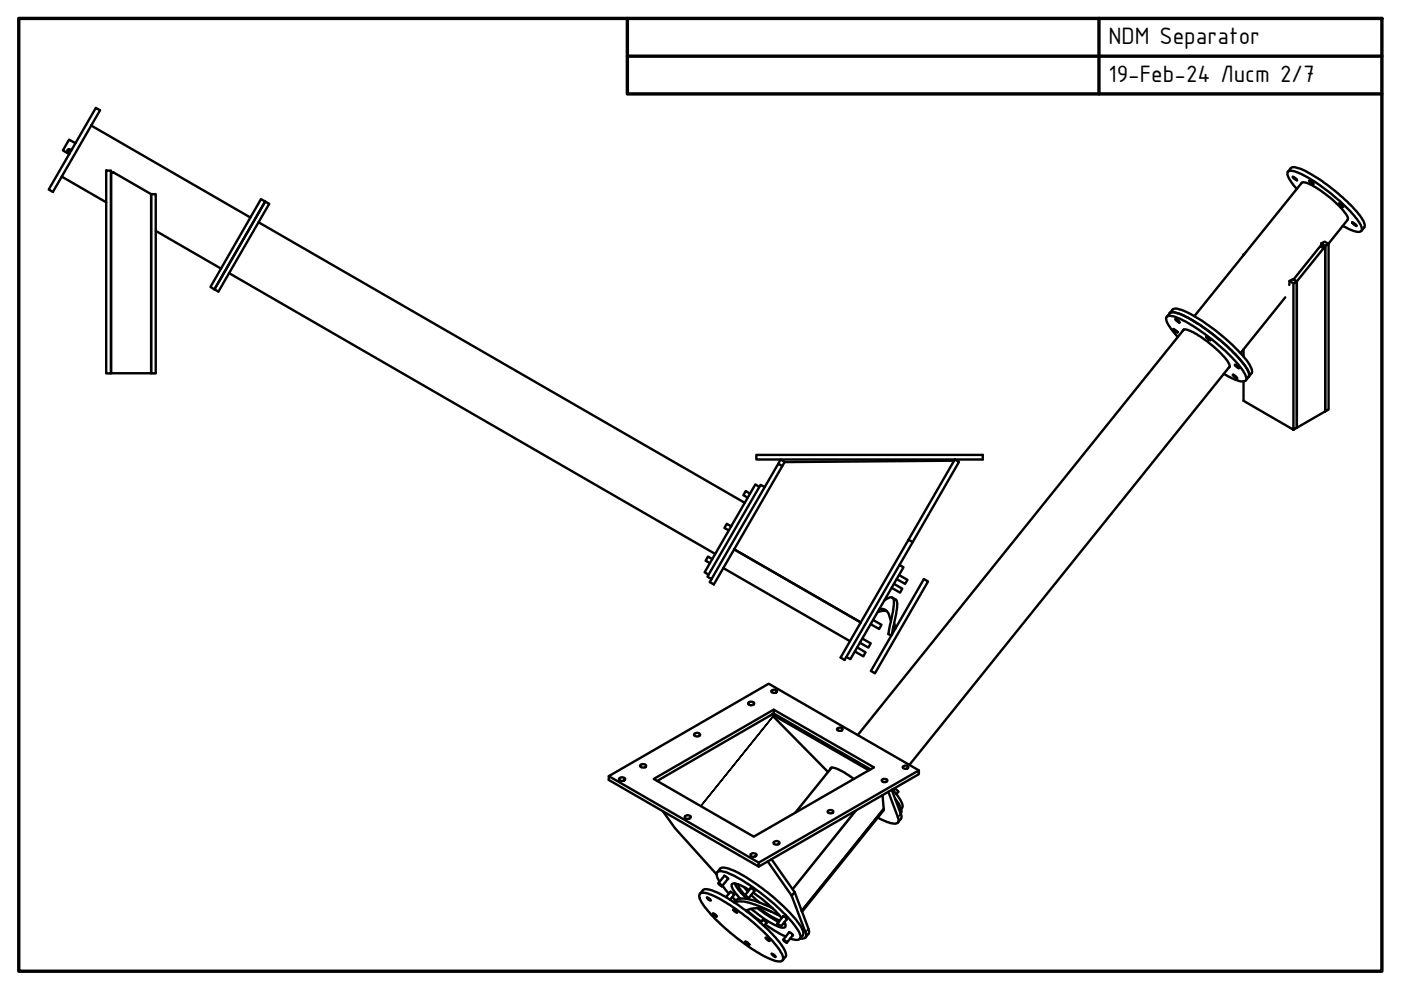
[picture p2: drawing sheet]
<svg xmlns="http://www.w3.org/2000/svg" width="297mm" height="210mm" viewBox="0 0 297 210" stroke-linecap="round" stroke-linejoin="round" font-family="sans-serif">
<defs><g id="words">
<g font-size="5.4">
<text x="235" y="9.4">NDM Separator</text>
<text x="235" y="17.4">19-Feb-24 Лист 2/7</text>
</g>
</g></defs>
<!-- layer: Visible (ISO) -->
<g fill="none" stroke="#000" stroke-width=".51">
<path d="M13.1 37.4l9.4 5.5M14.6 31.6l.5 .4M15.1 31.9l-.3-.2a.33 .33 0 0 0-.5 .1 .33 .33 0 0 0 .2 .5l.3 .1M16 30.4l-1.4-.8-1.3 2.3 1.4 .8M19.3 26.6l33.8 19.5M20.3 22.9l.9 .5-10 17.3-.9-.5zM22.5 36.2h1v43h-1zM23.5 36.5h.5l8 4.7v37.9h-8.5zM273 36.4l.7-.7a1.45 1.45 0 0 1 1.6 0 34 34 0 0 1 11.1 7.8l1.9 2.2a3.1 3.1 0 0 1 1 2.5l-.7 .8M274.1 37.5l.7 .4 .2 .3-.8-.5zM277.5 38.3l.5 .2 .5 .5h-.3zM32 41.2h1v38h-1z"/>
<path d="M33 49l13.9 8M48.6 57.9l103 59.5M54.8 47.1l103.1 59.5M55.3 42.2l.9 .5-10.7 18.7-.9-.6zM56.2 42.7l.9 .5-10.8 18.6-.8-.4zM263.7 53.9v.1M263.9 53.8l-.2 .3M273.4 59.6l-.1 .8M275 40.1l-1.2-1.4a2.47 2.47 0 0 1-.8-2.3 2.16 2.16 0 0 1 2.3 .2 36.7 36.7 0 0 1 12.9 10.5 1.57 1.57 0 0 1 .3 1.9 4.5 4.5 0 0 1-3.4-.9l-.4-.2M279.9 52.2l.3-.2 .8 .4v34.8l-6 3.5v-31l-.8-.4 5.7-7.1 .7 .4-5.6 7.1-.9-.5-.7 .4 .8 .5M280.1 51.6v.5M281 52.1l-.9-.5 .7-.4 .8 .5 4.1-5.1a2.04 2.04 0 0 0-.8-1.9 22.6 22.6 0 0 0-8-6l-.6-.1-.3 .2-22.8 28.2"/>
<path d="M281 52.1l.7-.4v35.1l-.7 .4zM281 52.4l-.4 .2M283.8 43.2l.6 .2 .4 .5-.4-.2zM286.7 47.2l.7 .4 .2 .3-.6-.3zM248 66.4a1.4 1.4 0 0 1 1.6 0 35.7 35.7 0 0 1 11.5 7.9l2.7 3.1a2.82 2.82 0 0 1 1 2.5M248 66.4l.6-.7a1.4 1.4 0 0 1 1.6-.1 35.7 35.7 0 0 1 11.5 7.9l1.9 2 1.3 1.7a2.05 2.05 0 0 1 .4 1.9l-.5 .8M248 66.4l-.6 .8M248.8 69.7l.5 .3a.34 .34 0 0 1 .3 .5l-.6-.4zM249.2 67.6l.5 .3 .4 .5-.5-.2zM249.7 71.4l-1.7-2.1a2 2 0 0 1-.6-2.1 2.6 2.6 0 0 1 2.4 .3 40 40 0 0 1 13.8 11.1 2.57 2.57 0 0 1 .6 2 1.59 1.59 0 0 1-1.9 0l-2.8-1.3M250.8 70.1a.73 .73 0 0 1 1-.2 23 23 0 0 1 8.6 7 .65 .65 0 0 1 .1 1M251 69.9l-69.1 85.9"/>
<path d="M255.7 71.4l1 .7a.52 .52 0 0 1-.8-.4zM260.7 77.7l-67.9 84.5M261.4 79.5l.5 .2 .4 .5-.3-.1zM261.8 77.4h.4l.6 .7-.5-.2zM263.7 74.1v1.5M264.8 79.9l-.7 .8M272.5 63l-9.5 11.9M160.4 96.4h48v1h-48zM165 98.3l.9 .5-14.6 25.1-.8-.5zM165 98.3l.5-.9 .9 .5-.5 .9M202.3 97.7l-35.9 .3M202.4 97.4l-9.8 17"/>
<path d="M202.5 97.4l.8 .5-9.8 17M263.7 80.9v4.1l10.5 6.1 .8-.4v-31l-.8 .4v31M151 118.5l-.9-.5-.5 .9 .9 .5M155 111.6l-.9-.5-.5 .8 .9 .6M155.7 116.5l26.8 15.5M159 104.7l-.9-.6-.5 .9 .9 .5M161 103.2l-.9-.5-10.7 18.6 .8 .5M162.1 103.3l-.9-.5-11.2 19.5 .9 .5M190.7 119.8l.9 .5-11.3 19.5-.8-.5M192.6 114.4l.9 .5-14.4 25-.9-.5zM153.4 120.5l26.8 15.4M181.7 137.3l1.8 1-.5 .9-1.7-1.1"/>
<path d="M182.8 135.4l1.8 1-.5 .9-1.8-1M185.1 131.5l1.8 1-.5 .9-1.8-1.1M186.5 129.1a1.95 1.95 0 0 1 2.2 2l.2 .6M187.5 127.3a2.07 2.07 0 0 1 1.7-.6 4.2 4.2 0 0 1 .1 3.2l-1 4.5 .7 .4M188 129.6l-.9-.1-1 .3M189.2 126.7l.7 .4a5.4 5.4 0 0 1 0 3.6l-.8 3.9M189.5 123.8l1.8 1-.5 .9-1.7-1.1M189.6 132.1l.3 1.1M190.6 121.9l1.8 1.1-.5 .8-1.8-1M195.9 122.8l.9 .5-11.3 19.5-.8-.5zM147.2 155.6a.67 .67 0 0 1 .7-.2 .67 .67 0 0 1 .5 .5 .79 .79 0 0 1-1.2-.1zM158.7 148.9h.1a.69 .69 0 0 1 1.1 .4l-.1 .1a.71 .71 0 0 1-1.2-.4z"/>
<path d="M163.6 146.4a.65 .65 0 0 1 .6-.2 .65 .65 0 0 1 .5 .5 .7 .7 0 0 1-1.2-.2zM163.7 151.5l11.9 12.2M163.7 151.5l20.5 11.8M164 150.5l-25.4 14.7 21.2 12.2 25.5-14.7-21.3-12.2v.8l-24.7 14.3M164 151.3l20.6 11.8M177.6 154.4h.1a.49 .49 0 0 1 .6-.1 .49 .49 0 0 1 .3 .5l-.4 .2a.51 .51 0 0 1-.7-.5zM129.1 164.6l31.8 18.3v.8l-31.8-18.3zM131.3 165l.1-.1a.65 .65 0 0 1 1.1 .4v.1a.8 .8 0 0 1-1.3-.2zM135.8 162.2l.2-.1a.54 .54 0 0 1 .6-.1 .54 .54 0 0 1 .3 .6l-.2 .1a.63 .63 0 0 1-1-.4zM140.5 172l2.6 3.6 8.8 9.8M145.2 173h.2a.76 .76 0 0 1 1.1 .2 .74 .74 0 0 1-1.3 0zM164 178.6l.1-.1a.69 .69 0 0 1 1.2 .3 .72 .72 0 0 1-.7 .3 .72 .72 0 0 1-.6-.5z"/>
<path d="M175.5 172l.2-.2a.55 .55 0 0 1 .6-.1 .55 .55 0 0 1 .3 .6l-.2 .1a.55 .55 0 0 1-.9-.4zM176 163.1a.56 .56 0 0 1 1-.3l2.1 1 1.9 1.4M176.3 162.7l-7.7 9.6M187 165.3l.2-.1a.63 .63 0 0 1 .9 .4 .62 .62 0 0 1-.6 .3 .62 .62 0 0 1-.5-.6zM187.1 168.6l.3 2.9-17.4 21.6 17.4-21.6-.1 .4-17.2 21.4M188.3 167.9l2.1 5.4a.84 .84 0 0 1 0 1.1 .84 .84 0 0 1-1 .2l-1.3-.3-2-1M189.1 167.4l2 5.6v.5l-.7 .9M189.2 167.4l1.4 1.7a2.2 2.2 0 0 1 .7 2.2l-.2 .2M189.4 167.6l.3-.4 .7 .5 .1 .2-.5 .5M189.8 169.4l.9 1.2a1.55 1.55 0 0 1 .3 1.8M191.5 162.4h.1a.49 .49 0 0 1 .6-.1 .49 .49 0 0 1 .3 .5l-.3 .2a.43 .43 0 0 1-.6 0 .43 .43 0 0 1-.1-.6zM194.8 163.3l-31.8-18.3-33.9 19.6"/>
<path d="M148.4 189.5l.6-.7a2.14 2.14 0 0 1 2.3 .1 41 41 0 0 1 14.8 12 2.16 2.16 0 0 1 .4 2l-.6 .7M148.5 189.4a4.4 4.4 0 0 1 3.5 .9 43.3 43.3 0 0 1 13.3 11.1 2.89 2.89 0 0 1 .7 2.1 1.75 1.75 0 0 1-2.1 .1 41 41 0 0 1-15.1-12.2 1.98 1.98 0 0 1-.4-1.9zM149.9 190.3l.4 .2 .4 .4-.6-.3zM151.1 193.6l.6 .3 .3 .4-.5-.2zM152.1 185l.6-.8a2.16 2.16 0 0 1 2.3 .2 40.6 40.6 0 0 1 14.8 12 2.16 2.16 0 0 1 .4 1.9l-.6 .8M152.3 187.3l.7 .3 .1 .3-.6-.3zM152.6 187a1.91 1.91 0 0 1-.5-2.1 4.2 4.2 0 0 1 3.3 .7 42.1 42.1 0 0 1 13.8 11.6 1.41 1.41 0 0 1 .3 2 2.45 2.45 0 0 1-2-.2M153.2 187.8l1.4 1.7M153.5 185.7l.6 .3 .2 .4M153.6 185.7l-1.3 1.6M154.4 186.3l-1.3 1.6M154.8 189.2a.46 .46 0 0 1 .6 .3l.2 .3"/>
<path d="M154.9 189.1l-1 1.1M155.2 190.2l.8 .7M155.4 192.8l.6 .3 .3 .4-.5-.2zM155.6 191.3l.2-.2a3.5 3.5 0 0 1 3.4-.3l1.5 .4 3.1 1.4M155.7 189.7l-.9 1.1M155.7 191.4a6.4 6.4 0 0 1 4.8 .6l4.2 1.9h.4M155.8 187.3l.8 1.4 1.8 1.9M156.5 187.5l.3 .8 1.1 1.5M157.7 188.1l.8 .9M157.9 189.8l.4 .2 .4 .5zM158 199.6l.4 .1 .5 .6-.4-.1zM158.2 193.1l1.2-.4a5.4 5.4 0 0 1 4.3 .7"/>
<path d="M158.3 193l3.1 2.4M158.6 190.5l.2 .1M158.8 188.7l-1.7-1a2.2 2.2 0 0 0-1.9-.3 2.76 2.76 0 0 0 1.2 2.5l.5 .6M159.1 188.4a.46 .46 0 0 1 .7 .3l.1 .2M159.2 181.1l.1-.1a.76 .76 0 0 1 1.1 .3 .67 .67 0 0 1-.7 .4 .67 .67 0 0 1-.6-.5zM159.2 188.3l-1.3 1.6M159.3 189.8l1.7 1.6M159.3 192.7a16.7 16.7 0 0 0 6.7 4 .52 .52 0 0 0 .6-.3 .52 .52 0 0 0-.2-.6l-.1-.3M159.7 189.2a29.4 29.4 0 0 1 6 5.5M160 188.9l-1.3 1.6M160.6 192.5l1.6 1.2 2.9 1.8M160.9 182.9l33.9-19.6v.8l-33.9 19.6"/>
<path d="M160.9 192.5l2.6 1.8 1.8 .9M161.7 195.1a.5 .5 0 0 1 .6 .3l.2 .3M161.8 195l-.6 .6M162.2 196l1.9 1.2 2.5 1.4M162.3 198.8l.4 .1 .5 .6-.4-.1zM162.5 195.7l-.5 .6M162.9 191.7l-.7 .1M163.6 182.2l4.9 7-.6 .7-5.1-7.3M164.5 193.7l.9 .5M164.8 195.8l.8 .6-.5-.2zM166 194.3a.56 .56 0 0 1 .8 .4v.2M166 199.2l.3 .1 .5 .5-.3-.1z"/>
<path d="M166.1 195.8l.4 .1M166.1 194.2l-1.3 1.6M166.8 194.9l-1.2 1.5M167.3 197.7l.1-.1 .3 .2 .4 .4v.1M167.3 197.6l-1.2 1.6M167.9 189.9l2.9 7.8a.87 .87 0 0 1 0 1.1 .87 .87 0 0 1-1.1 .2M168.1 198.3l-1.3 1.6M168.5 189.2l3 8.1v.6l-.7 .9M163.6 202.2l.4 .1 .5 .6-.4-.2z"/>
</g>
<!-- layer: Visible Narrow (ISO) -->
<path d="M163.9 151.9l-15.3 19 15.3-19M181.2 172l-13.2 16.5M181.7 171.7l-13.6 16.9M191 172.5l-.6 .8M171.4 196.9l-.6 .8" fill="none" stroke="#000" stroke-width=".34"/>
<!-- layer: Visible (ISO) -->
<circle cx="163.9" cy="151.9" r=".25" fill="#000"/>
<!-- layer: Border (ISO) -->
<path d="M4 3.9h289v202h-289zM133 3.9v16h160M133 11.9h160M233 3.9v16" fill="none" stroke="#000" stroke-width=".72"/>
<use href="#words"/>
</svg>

+++++

ABOUT THIS TASK:
Retype word for word everything in the listing above from the line that holds "71.4l1 .7a.52 .52" down to the line that holds "146.4a.65 .65 0". Keep both end lines and leave out the rest.

SOLUTION TO THE PROBLEM:
<path d="M255.7 71.4l1 .7a.52 .52 0 0 1-.8-.4zM260.7 77.7l-67.9 84.5M261.4 79.5l.5 .2 .4 .5-.3-.1zM261.8 77.4h.4l.6 .7-.5-.2zM263.7 74.1v1.5M264.8 79.9l-.7 .8M272.5 63l-9.5 11.9M160.4 96.4h48v1h-48zM165 98.3l.9 .5-14.6 25.1-.8-.5zM165 98.3l.5-.9 .9 .5-.5 .9M202.3 97.7l-35.9 .3M202.4 97.4l-9.8 17"/>
<path d="M202.5 97.4l.8 .5-9.8 17M263.7 80.9v4.1l10.5 6.1 .8-.4v-31l-.8 .4v31M151 118.5l-.9-.5-.5 .9 .9 .5M155 111.6l-.9-.5-.5 .8 .9 .6M155.7 116.5l26.8 15.5M159 104.7l-.9-.6-.5 .9 .9 .5M161 103.2l-.9-.5-10.7 18.6 .8 .5M162.1 103.3l-.9-.5-11.2 19.5 .9 .5M190.7 119.8l.9 .5-11.3 19.5-.8-.5M192.6 114.4l.9 .5-14.4 25-.9-.5zM153.4 120.5l26.8 15.4M181.7 137.3l1.8 1-.5 .9-1.7-1.1"/>
<path d="M182.8 135.4l1.8 1-.5 .9-1.8-1M185.1 131.5l1.8 1-.5 .9-1.8-1.1M186.5 129.1a1.95 1.95 0 0 1 2.2 2l.2 .6M187.5 127.3a2.07 2.07 0 0 1 1.7-.6 4.2 4.2 0 0 1 .1 3.2l-1 4.5 .7 .4M188 129.6l-.9-.1-1 .3M189.2 126.7l.7 .4a5.4 5.4 0 0 1 0 3.6l-.8 3.9M189.5 123.8l1.8 1-.5 .9-1.7-1.1M189.6 132.1l.3 1.1M190.6 121.9l1.8 1.1-.5 .8-1.8-1M195.9 122.8l.9 .5-11.3 19.5-.8-.5zM147.2 155.6a.67 .67 0 0 1 .7-.2 .67 .67 0 0 1 .5 .5 .79 .79 0 0 1-1.2-.1zM158.7 148.9h.1a.69 .69 0 0 1 1.1 .4l-.1 .1a.71 .71 0 0 1-1.2-.4z"/>
<path d="M163.6 146.4a.65 .65 0 0 1 .6-.2 .65 .65 0 0 1 .5 .5 .7 .7 0 0 1-1.2-.2zM163.7 151.5l11.9 12.2M163.7 151.5l20.5 11.8M164 150.5l-25.4 14.7 21.2 12.2 25.5-14.7-21.3-12.2v.8l-24.7 14.3M164 151.3l20.6 11.8M177.6 154.4h.1a.49 .49 0 0 1 .6-.1 .49 .49 0 0 1 .3 .5l-.4 .2a.51 .51 0 0 1-.7-.5zM129.1 164.6l31.8 18.3v.8l-31.8-18.3zM131.3 165l.1-.1a.65 .65 0 0 1 1.1 .4v.1a.8 .8 0 0 1-1.3-.2zM135.8 162.2l.2-.1a.54 .54 0 0 1 .6-.1 .54 .54 0 0 1 .3 .6l-.2 .1a.63 .63 0 0 1-1-.4zM140.5 172l2.6 3.6 8.8 9.8M145.2 173h.2a.76 .76 0 0 1 1.1 .2 .74 .74 0 0 1-1.3 0zM164 178.6l.1-.1a.69 .69 0 0 1 1.2 .3 .72 .72 0 0 1-.7 .3 .72 .72 0 0 1-.6-.5z"/>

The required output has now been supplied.